Luísa Soares de Oliveira, «Um livro que voasse», «Ípsilon»/Público, 4-I-2013, p. 20 (onde pode ser lido na íntegra).

sábado, 5 de janeiro de 2013

«O meu marxismo foi o rock» [João de Menezes-Ferreira]


«Estro In Watts - Poesia da Idade do Rock, antologia de 563 letras do universo pop/rock entre 1955 e 1980, é um manifesto de juventude preparado durante 30 anos por João de Menezes-Ferreira. Chega às lojas em Janeiro, com selo da Documenta.»

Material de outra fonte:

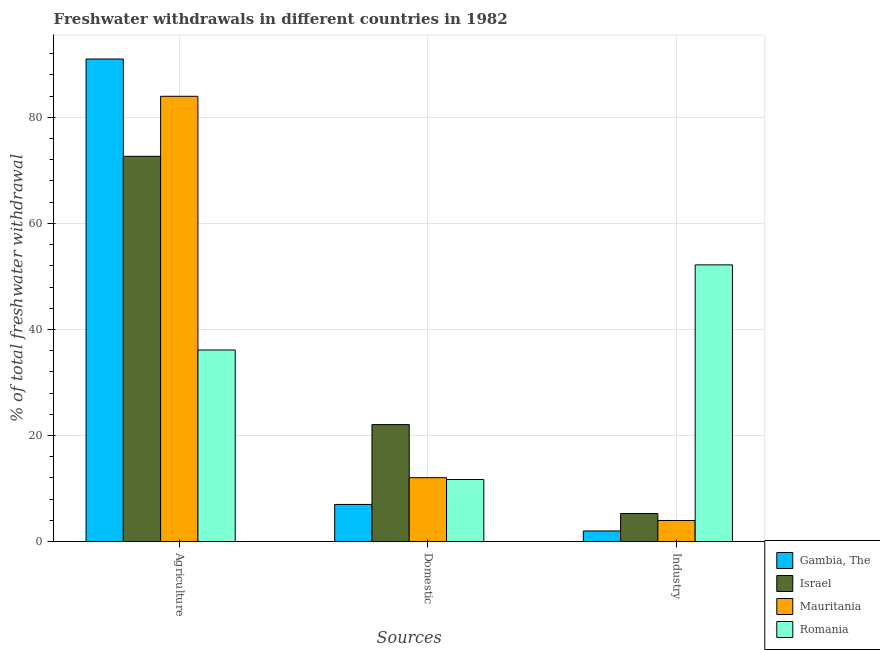How many different coloured bars are there?
Your response must be concise. 4. How many groups of bars are there?
Provide a short and direct response. 3. Are the number of bars per tick equal to the number of legend labels?
Ensure brevity in your answer.  Yes. Are the number of bars on each tick of the X-axis equal?
Provide a succinct answer. Yes. How many bars are there on the 2nd tick from the left?
Make the answer very short. 4. What is the label of the 3rd group of bars from the left?
Your response must be concise. Industry. What is the percentage of freshwater withdrawal for domestic purposes in Gambia, The?
Your answer should be very brief. 7. Across all countries, what is the maximum percentage of freshwater withdrawal for industry?
Provide a succinct answer. 52.18. Across all countries, what is the minimum percentage of freshwater withdrawal for industry?
Your answer should be compact. 2. In which country was the percentage of freshwater withdrawal for domestic purposes maximum?
Keep it short and to the point. Israel. In which country was the percentage of freshwater withdrawal for domestic purposes minimum?
Your response must be concise. Gambia, The. What is the total percentage of freshwater withdrawal for industry in the graph?
Offer a terse response. 63.45. What is the difference between the percentage of freshwater withdrawal for industry in Gambia, The and that in Romania?
Provide a succinct answer. -50.18. What is the difference between the percentage of freshwater withdrawal for domestic purposes in Gambia, The and the percentage of freshwater withdrawal for industry in Mauritania?
Your answer should be very brief. 3.03. What is the average percentage of freshwater withdrawal for industry per country?
Your answer should be compact. 15.86. What is the difference between the percentage of freshwater withdrawal for industry and percentage of freshwater withdrawal for domestic purposes in Gambia, The?
Your answer should be very brief. -5. In how many countries, is the percentage of freshwater withdrawal for agriculture greater than 76 %?
Your answer should be very brief. 2. What is the ratio of the percentage of freshwater withdrawal for agriculture in Gambia, The to that in Mauritania?
Make the answer very short. 1.08. What is the difference between the highest and the second highest percentage of freshwater withdrawal for domestic purposes?
Your response must be concise. 10.01. What is the difference between the highest and the lowest percentage of freshwater withdrawal for industry?
Provide a succinct answer. 50.18. In how many countries, is the percentage of freshwater withdrawal for agriculture greater than the average percentage of freshwater withdrawal for agriculture taken over all countries?
Ensure brevity in your answer.  3. Is the sum of the percentage of freshwater withdrawal for industry in Gambia, The and Mauritania greater than the maximum percentage of freshwater withdrawal for agriculture across all countries?
Make the answer very short. No. What does the 4th bar from the right in Agriculture represents?
Make the answer very short. Gambia, The. Is it the case that in every country, the sum of the percentage of freshwater withdrawal for agriculture and percentage of freshwater withdrawal for domestic purposes is greater than the percentage of freshwater withdrawal for industry?
Your response must be concise. No. How many bars are there?
Your answer should be very brief. 12. How many countries are there in the graph?
Provide a succinct answer. 4. What is the difference between two consecutive major ticks on the Y-axis?
Provide a succinct answer. 20. Does the graph contain any zero values?
Keep it short and to the point. No. Does the graph contain grids?
Your answer should be compact. Yes. How many legend labels are there?
Make the answer very short. 4. How are the legend labels stacked?
Keep it short and to the point. Vertical. What is the title of the graph?
Make the answer very short. Freshwater withdrawals in different countries in 1982. What is the label or title of the X-axis?
Ensure brevity in your answer.  Sources. What is the label or title of the Y-axis?
Your answer should be compact. % of total freshwater withdrawal. What is the % of total freshwater withdrawal of Gambia, The in Agriculture?
Give a very brief answer. 91. What is the % of total freshwater withdrawal of Israel in Agriculture?
Give a very brief answer. 72.65. What is the % of total freshwater withdrawal in Mauritania in Agriculture?
Keep it short and to the point. 83.97. What is the % of total freshwater withdrawal in Romania in Agriculture?
Make the answer very short. 36.12. What is the % of total freshwater withdrawal of Gambia, The in Domestic?
Provide a succinct answer. 7. What is the % of total freshwater withdrawal in Israel in Domestic?
Your answer should be very brief. 22.06. What is the % of total freshwater withdrawal in Mauritania in Domestic?
Keep it short and to the point. 12.05. What is the % of total freshwater withdrawal in Gambia, The in Industry?
Offer a terse response. 2. What is the % of total freshwater withdrawal of Israel in Industry?
Offer a terse response. 5.29. What is the % of total freshwater withdrawal of Mauritania in Industry?
Provide a succinct answer. 3.97. What is the % of total freshwater withdrawal of Romania in Industry?
Give a very brief answer. 52.18. Across all Sources, what is the maximum % of total freshwater withdrawal of Gambia, The?
Offer a terse response. 91. Across all Sources, what is the maximum % of total freshwater withdrawal of Israel?
Keep it short and to the point. 72.65. Across all Sources, what is the maximum % of total freshwater withdrawal in Mauritania?
Offer a very short reply. 83.97. Across all Sources, what is the maximum % of total freshwater withdrawal of Romania?
Your answer should be compact. 52.18. Across all Sources, what is the minimum % of total freshwater withdrawal in Israel?
Offer a terse response. 5.29. Across all Sources, what is the minimum % of total freshwater withdrawal in Mauritania?
Your response must be concise. 3.97. What is the total % of total freshwater withdrawal of Gambia, The in the graph?
Provide a succinct answer. 100. What is the total % of total freshwater withdrawal of Israel in the graph?
Your response must be concise. 100. What is the total % of total freshwater withdrawal of Mauritania in the graph?
Make the answer very short. 99.99. What is the difference between the % of total freshwater withdrawal in Israel in Agriculture and that in Domestic?
Provide a succinct answer. 50.59. What is the difference between the % of total freshwater withdrawal in Mauritania in Agriculture and that in Domestic?
Your response must be concise. 71.92. What is the difference between the % of total freshwater withdrawal in Romania in Agriculture and that in Domestic?
Your answer should be very brief. 24.42. What is the difference between the % of total freshwater withdrawal of Gambia, The in Agriculture and that in Industry?
Your answer should be very brief. 89. What is the difference between the % of total freshwater withdrawal in Israel in Agriculture and that in Industry?
Your response must be concise. 67.36. What is the difference between the % of total freshwater withdrawal in Mauritania in Agriculture and that in Industry?
Provide a short and direct response. 80. What is the difference between the % of total freshwater withdrawal of Romania in Agriculture and that in Industry?
Make the answer very short. -16.06. What is the difference between the % of total freshwater withdrawal in Israel in Domestic and that in Industry?
Your answer should be very brief. 16.77. What is the difference between the % of total freshwater withdrawal of Mauritania in Domestic and that in Industry?
Provide a short and direct response. 8.08. What is the difference between the % of total freshwater withdrawal of Romania in Domestic and that in Industry?
Keep it short and to the point. -40.48. What is the difference between the % of total freshwater withdrawal in Gambia, The in Agriculture and the % of total freshwater withdrawal in Israel in Domestic?
Provide a succinct answer. 68.94. What is the difference between the % of total freshwater withdrawal of Gambia, The in Agriculture and the % of total freshwater withdrawal of Mauritania in Domestic?
Give a very brief answer. 78.95. What is the difference between the % of total freshwater withdrawal in Gambia, The in Agriculture and the % of total freshwater withdrawal in Romania in Domestic?
Provide a succinct answer. 79.3. What is the difference between the % of total freshwater withdrawal in Israel in Agriculture and the % of total freshwater withdrawal in Mauritania in Domestic?
Offer a very short reply. 60.6. What is the difference between the % of total freshwater withdrawal of Israel in Agriculture and the % of total freshwater withdrawal of Romania in Domestic?
Give a very brief answer. 60.95. What is the difference between the % of total freshwater withdrawal in Mauritania in Agriculture and the % of total freshwater withdrawal in Romania in Domestic?
Your answer should be compact. 72.27. What is the difference between the % of total freshwater withdrawal in Gambia, The in Agriculture and the % of total freshwater withdrawal in Israel in Industry?
Provide a short and direct response. 85.71. What is the difference between the % of total freshwater withdrawal of Gambia, The in Agriculture and the % of total freshwater withdrawal of Mauritania in Industry?
Offer a terse response. 87.03. What is the difference between the % of total freshwater withdrawal of Gambia, The in Agriculture and the % of total freshwater withdrawal of Romania in Industry?
Make the answer very short. 38.82. What is the difference between the % of total freshwater withdrawal in Israel in Agriculture and the % of total freshwater withdrawal in Mauritania in Industry?
Offer a terse response. 68.68. What is the difference between the % of total freshwater withdrawal in Israel in Agriculture and the % of total freshwater withdrawal in Romania in Industry?
Your response must be concise. 20.47. What is the difference between the % of total freshwater withdrawal of Mauritania in Agriculture and the % of total freshwater withdrawal of Romania in Industry?
Provide a short and direct response. 31.79. What is the difference between the % of total freshwater withdrawal in Gambia, The in Domestic and the % of total freshwater withdrawal in Israel in Industry?
Your answer should be very brief. 1.71. What is the difference between the % of total freshwater withdrawal in Gambia, The in Domestic and the % of total freshwater withdrawal in Mauritania in Industry?
Your response must be concise. 3.03. What is the difference between the % of total freshwater withdrawal of Gambia, The in Domestic and the % of total freshwater withdrawal of Romania in Industry?
Provide a short and direct response. -45.18. What is the difference between the % of total freshwater withdrawal of Israel in Domestic and the % of total freshwater withdrawal of Mauritania in Industry?
Your answer should be compact. 18.09. What is the difference between the % of total freshwater withdrawal of Israel in Domestic and the % of total freshwater withdrawal of Romania in Industry?
Offer a terse response. -30.12. What is the difference between the % of total freshwater withdrawal of Mauritania in Domestic and the % of total freshwater withdrawal of Romania in Industry?
Give a very brief answer. -40.13. What is the average % of total freshwater withdrawal in Gambia, The per Sources?
Offer a terse response. 33.33. What is the average % of total freshwater withdrawal of Israel per Sources?
Offer a terse response. 33.33. What is the average % of total freshwater withdrawal of Mauritania per Sources?
Ensure brevity in your answer.  33.33. What is the average % of total freshwater withdrawal of Romania per Sources?
Provide a succinct answer. 33.33. What is the difference between the % of total freshwater withdrawal of Gambia, The and % of total freshwater withdrawal of Israel in Agriculture?
Provide a succinct answer. 18.35. What is the difference between the % of total freshwater withdrawal of Gambia, The and % of total freshwater withdrawal of Mauritania in Agriculture?
Your answer should be compact. 7.03. What is the difference between the % of total freshwater withdrawal in Gambia, The and % of total freshwater withdrawal in Romania in Agriculture?
Give a very brief answer. 54.88. What is the difference between the % of total freshwater withdrawal in Israel and % of total freshwater withdrawal in Mauritania in Agriculture?
Your answer should be very brief. -11.32. What is the difference between the % of total freshwater withdrawal in Israel and % of total freshwater withdrawal in Romania in Agriculture?
Your response must be concise. 36.53. What is the difference between the % of total freshwater withdrawal of Mauritania and % of total freshwater withdrawal of Romania in Agriculture?
Your answer should be compact. 47.85. What is the difference between the % of total freshwater withdrawal in Gambia, The and % of total freshwater withdrawal in Israel in Domestic?
Give a very brief answer. -15.06. What is the difference between the % of total freshwater withdrawal in Gambia, The and % of total freshwater withdrawal in Mauritania in Domestic?
Offer a very short reply. -5.05. What is the difference between the % of total freshwater withdrawal in Gambia, The and % of total freshwater withdrawal in Romania in Domestic?
Provide a succinct answer. -4.7. What is the difference between the % of total freshwater withdrawal in Israel and % of total freshwater withdrawal in Mauritania in Domestic?
Provide a short and direct response. 10.01. What is the difference between the % of total freshwater withdrawal in Israel and % of total freshwater withdrawal in Romania in Domestic?
Offer a very short reply. 10.36. What is the difference between the % of total freshwater withdrawal in Gambia, The and % of total freshwater withdrawal in Israel in Industry?
Provide a succinct answer. -3.29. What is the difference between the % of total freshwater withdrawal of Gambia, The and % of total freshwater withdrawal of Mauritania in Industry?
Your answer should be very brief. -1.97. What is the difference between the % of total freshwater withdrawal in Gambia, The and % of total freshwater withdrawal in Romania in Industry?
Give a very brief answer. -50.18. What is the difference between the % of total freshwater withdrawal in Israel and % of total freshwater withdrawal in Mauritania in Industry?
Make the answer very short. 1.32. What is the difference between the % of total freshwater withdrawal of Israel and % of total freshwater withdrawal of Romania in Industry?
Provide a succinct answer. -46.89. What is the difference between the % of total freshwater withdrawal in Mauritania and % of total freshwater withdrawal in Romania in Industry?
Provide a short and direct response. -48.21. What is the ratio of the % of total freshwater withdrawal of Gambia, The in Agriculture to that in Domestic?
Your answer should be compact. 13. What is the ratio of the % of total freshwater withdrawal in Israel in Agriculture to that in Domestic?
Your answer should be very brief. 3.29. What is the ratio of the % of total freshwater withdrawal of Mauritania in Agriculture to that in Domestic?
Keep it short and to the point. 6.97. What is the ratio of the % of total freshwater withdrawal of Romania in Agriculture to that in Domestic?
Your response must be concise. 3.09. What is the ratio of the % of total freshwater withdrawal of Gambia, The in Agriculture to that in Industry?
Offer a very short reply. 45.5. What is the ratio of the % of total freshwater withdrawal of Israel in Agriculture to that in Industry?
Your response must be concise. 13.72. What is the ratio of the % of total freshwater withdrawal in Mauritania in Agriculture to that in Industry?
Your response must be concise. 21.14. What is the ratio of the % of total freshwater withdrawal of Romania in Agriculture to that in Industry?
Your answer should be compact. 0.69. What is the ratio of the % of total freshwater withdrawal in Gambia, The in Domestic to that in Industry?
Your answer should be compact. 3.5. What is the ratio of the % of total freshwater withdrawal in Israel in Domestic to that in Industry?
Offer a very short reply. 4.17. What is the ratio of the % of total freshwater withdrawal in Mauritania in Domestic to that in Industry?
Ensure brevity in your answer.  3.03. What is the ratio of the % of total freshwater withdrawal of Romania in Domestic to that in Industry?
Keep it short and to the point. 0.22. What is the difference between the highest and the second highest % of total freshwater withdrawal of Israel?
Your response must be concise. 50.59. What is the difference between the highest and the second highest % of total freshwater withdrawal of Mauritania?
Ensure brevity in your answer.  71.92. What is the difference between the highest and the second highest % of total freshwater withdrawal in Romania?
Provide a succinct answer. 16.06. What is the difference between the highest and the lowest % of total freshwater withdrawal of Gambia, The?
Provide a succinct answer. 89. What is the difference between the highest and the lowest % of total freshwater withdrawal of Israel?
Offer a very short reply. 67.36. What is the difference between the highest and the lowest % of total freshwater withdrawal of Mauritania?
Provide a short and direct response. 80. What is the difference between the highest and the lowest % of total freshwater withdrawal of Romania?
Your answer should be very brief. 40.48.

«Começa com os Blue suede shoes, de Carl Perkins, 1955. Termina passadas duas décadas e meia, em 1980, com uma letra de Rui Reininho que havia de figurar no primeiro álbum dos GNR, Independança, com a transição de Laurie Anderson das artes plásticas para a música, com as maquetas deixadas por António Variações numa caixa de sapatos, com Bob Marley, Teardrop Explodes, The Cure ou Joy Division. Outra hipótese: acaba com a morte de Ian Curtis, ao som de The Idiot, de Iggy Pop, a rodar interminavelmente no gira-discos. Outra mais real ainda: uma torrente de poesia pop/rock estancada quando o programa radiofónico A Idade do Rock chega ao fim, precisamente em 1980.
[...]
Estro in Watts reflecte, naturalmente, essa hegemonia anglo-saxónica, visitando menos demoradamente a música francesa, a brasileira ou portuguesa (José Afonso, Sérgio Godinho, Rui Veloso/Carlos Tê, Rui Reininho...), sempre consciente de "o inglês se ter tornado o esperanto dos séculos XX e XXI". E espelha  a forma notável como a cultura norte-americana soube encenar a rebeldia e romantizar a adolescência. Não é por acaso que Menezes-Ferreira cita na sua introdução Fúria de Viver, de Nicholas Ray.
[...]
É precisamente neste enfiamento que reside um dos mais robustos argumentos de Estro in Watts: o de que esta poesia não deve ser menorizada perante aqueloutra publicada em livro apenas porque "tem repetições, acompanha o ritmo de elocução verbal e tem uma métrica que é a da respiração". "Estes grandes poetas seriam sempre grandes poetas de livros, mas escolheram a música porque acharam que era esse o veículo."
[...]
"Esta cultura foi, para mim, uma escola. Há uma geração pós-25 de Abril que se reclama marxista. O meu marxismo foi a música, foi o rock. Aprendi a ser adolescente não tanto a ler textos teóricos mas a viver isto."
[...]
O rock, já o sabemos, celebra-se estrepitosamente em concertos, com as palavras a lutar por se manterem à tona de um mar de electricidade, debitada por poderosos sistemas de som. Estro in Watts - Poesia da Idade do Rock livra-as momentaneamente dessa luta desigual. Com um peso na consciência - porque estas letras foram feitas para existir na companhia da música -, mas cumprindo um testemunho que lhes era devido.»

Gonçalo Frota, «"O meu marxismo foi o rock"», Público, 3-I-2013, pp.22-23 (onde pode ser lido na íntegra).